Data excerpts

::::::

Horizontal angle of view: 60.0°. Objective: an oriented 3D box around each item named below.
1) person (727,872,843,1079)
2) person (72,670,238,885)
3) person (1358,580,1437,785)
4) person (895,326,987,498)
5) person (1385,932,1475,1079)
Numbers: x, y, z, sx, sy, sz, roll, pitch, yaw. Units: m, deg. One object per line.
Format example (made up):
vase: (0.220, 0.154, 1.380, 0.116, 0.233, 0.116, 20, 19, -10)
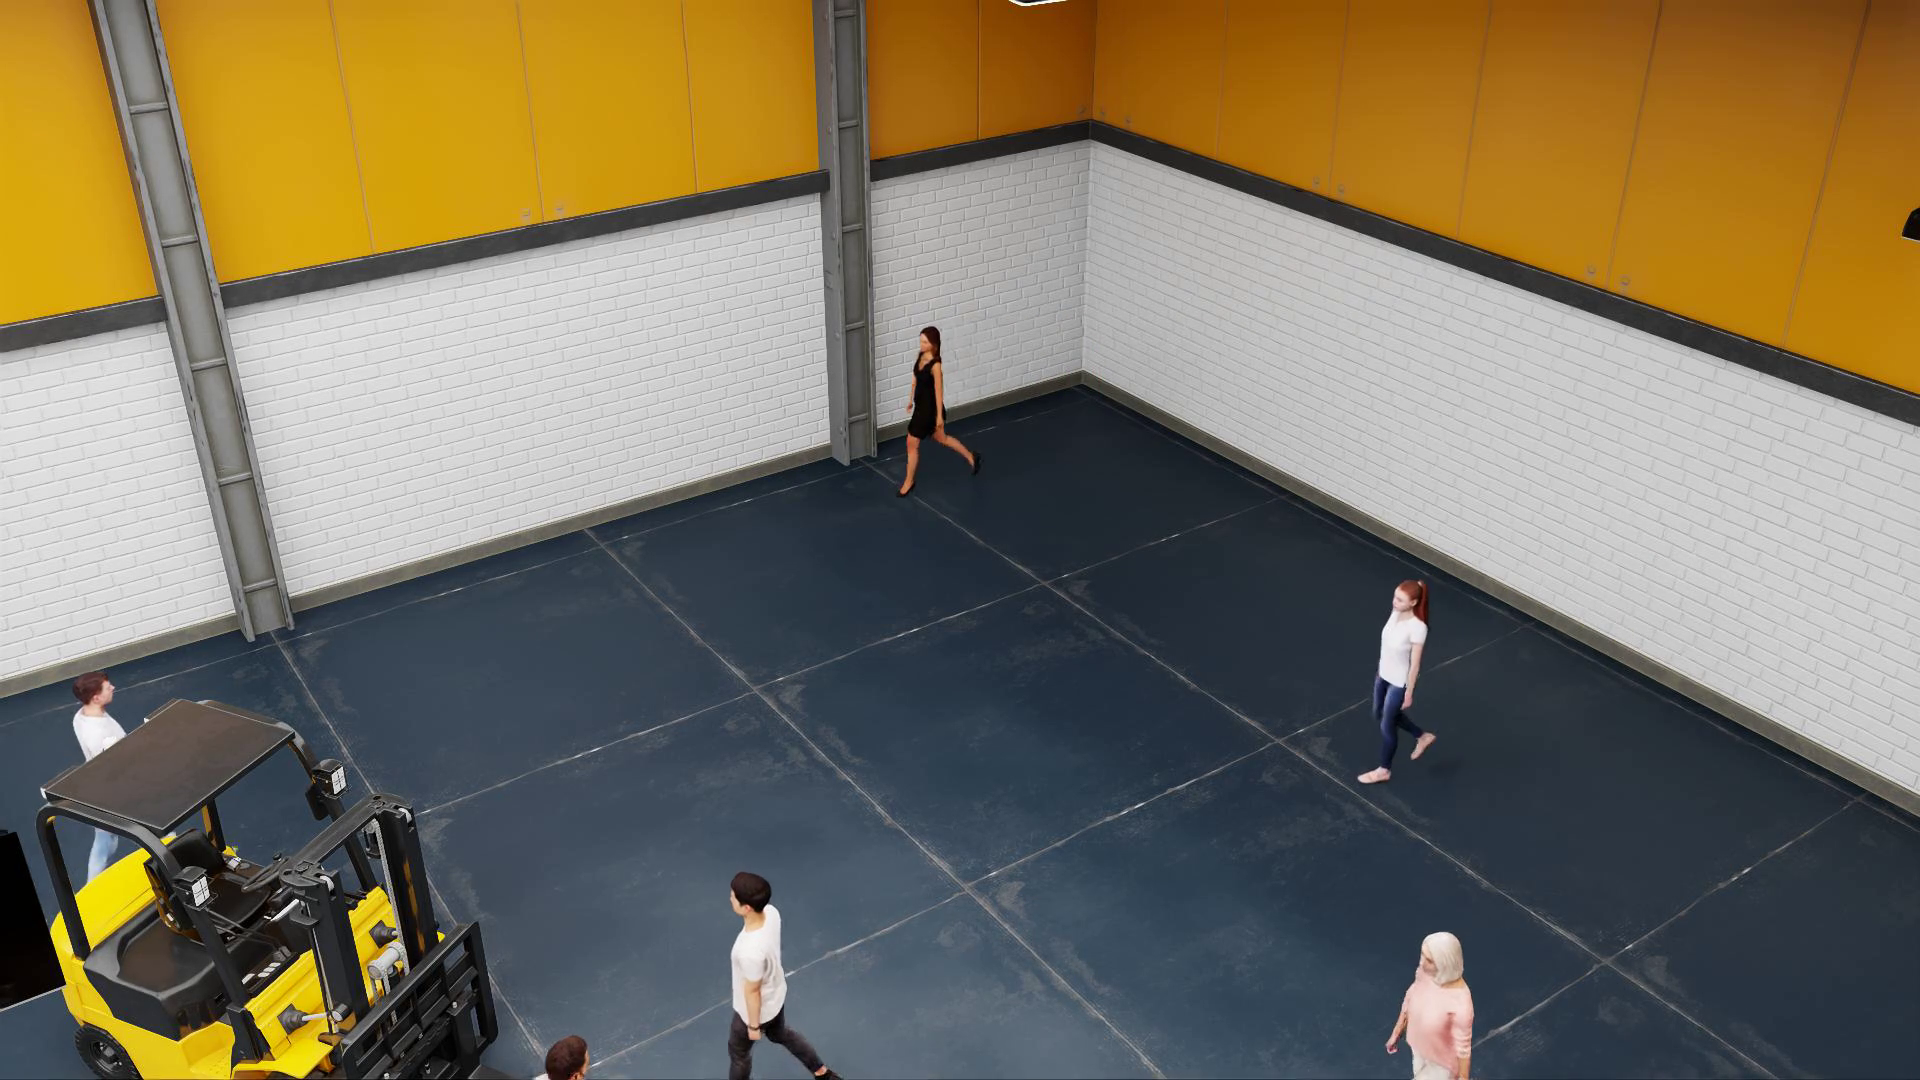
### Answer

::::::

* **DIRECTIONS**
In the data above, the line containing "Format example (made" and all lines after it are to be reproduced exactly, leaving out the pictures.

* **ANSWER**
Format example (made up):
vase: (0.220, 0.154, 1.380, 0.116, 0.233, 0.116, 20, 19, -10)
### Answer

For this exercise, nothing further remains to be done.